Der Arzt nickt, als ich ihn frage, ob sie noch Jungfrau ist, kinderlos und ein Schmetterlingsmal am inneren Oberarm trägt. Bevor ich in ihr Zimmer gehe, besorge ich frische Muscheln und lege sie wie einen Köder vor ihr aus.

Sie lässt den Stift fallen, mit dem sie einen Zettel nach dem anderen voll gekritzelt und jedem hingehalten hat, der sie in ihrem Zimmer besuchte. Sie stürzt sich auf die Muscheln, nach einem kurzen, beinahe animalischen Zögern, mit dem sie eine einladende Handbewegung meinerseits abgewartet hat, und beginnt zu schlürfen. Ich sammle die Zettel vom Boden auf, betrachte sie nun genauer. Geschwungene Bögen. Es sollen tatsächlich Kyu-do-Bögen sein, mit der asymmetrischen Aufteilung, die die Schießübung zum anspruchsvollen Sport hat werden lassen. Doch ihre Darstellungen sind ungelenk, schwer zu erkennen. Ich nehme Midori dennoch mit, sobald die Muschelschalen wie leere Augenhöhlen vom Teller blicken, und bringe sie in ein Geschäft, in dem Sportbögen verkauft werden. Es ist gar nicht weit, ein kleines Dorf auf den Klippen Cornwalls dort, wo regelmäßig Wettkämpfe im Zen-Bogenschießen stattfinden.

Ein Jubelschrei schnellt in dem Moment aus ihrer Kehle, in dem sie mit Rechts nach dem größten der ausgestellten Holzbögen greift, mit Links nach den Pfeilen. Dann macht sie auf dem Absatz kehrt und läuft aus dem Laden, über die Straße, aus dem Dorf.

„Halt!“ rufen der Besitzer des Ladens und ich gleichermaßen empört und erschrocken und nehmen die Verfolgung auf. Doch sie ist schneller. Gelangt auf die Wiesen, auf die der Wind die Gischt peitscht.
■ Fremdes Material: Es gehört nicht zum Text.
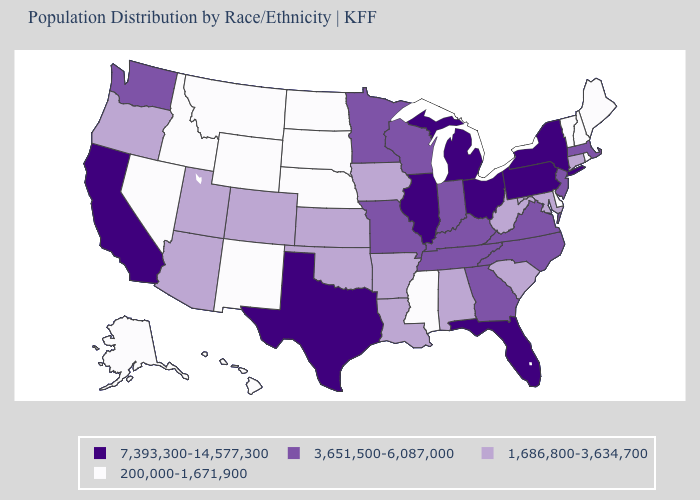Name the states that have a value in the range 7,393,300-14,577,300?
Give a very brief answer. California, Florida, Illinois, Michigan, New York, Ohio, Pennsylvania, Texas. What is the value of New Jersey?
Give a very brief answer. 3,651,500-6,087,000. What is the value of Idaho?
Keep it brief. 200,000-1,671,900. Does the map have missing data?
Keep it brief. No. What is the value of Virginia?
Give a very brief answer. 3,651,500-6,087,000. Does Mississippi have the highest value in the South?
Give a very brief answer. No. What is the value of Kansas?
Give a very brief answer. 1,686,800-3,634,700. Among the states that border Connecticut , does Massachusetts have the lowest value?
Short answer required. No. Does New Mexico have the lowest value in the USA?
Keep it brief. Yes. Does the first symbol in the legend represent the smallest category?
Short answer required. No. Does the first symbol in the legend represent the smallest category?
Be succinct. No. Among the states that border South Dakota , which have the lowest value?
Keep it brief. Montana, Nebraska, North Dakota, Wyoming. What is the highest value in the West ?
Be succinct. 7,393,300-14,577,300. What is the highest value in the Northeast ?
Be succinct. 7,393,300-14,577,300. Name the states that have a value in the range 1,686,800-3,634,700?
Be succinct. Alabama, Arizona, Arkansas, Colorado, Connecticut, Iowa, Kansas, Louisiana, Maryland, Oklahoma, Oregon, South Carolina, Utah, West Virginia. 
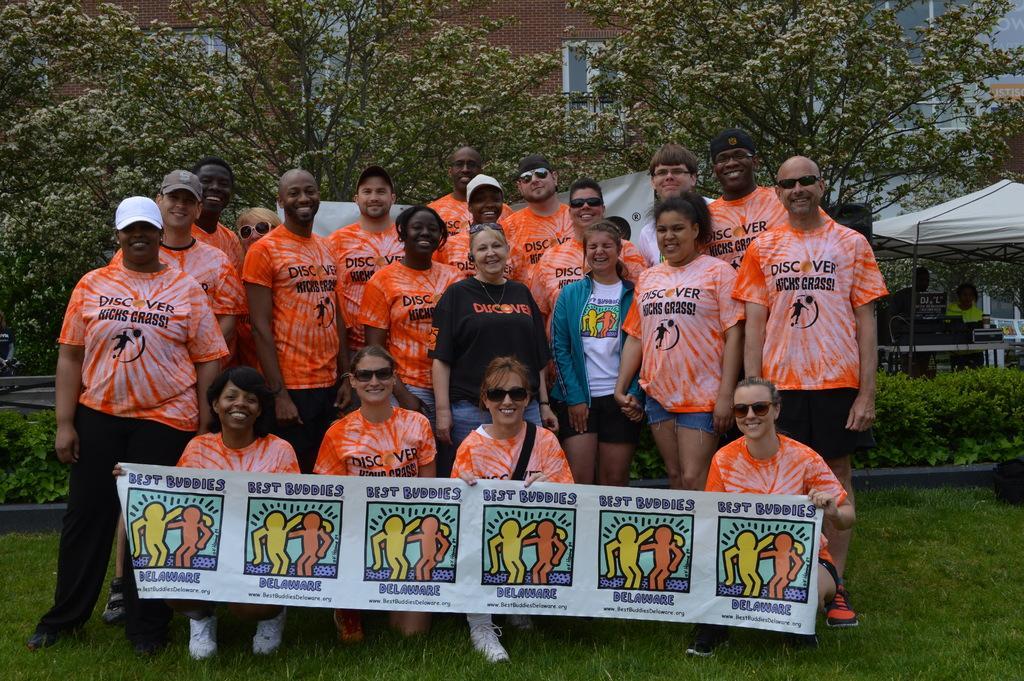In one or two sentences, can you explain what this image depicts? In the background we can see trees. Here we can see people holding a banner. We can see group of people standing and all are smiling. Here we can see plants and grass. At the right corner of the image we can see people. This is a tent.

Sie verlangsamt nicht ihren Schritt, lässt sich von Zäunen nicht aufhalten und als sie an die Klippe kommt, läuft sie einfach weiter, in die untergehende Sonne. Der Meeresschaum, auf den sie aufschlägt, verschluckt sie sofort.

Hatsumi wird plötzlich wach. Fährt den Computer hoch und ruft die letzte Seite ihres Manuskriptes auf. Als sie umblättert, sieht sie Midori vor sich, der Brandung entstiegen und entschlossener als je zuvor. Hatsumis Finger fegen über die Tasten. Die Müdigkeit ist verflogen.

Wir schicken Suchtrupps los, tagelang gehen sie die Küste ab, doch die Meerjungfrau bleibt versunken. Eine Leere breitet sich in mir aus und eine unerklärliche Traurigkeit. Ich maile Hatsumi, bekomme aber keine Antwort.

Erst im nächsten Frühjahr schickt sie mir ihren neuen Roman und zwischen den Seiten finde ich sie wieder, meine kleine Meerjungfrau.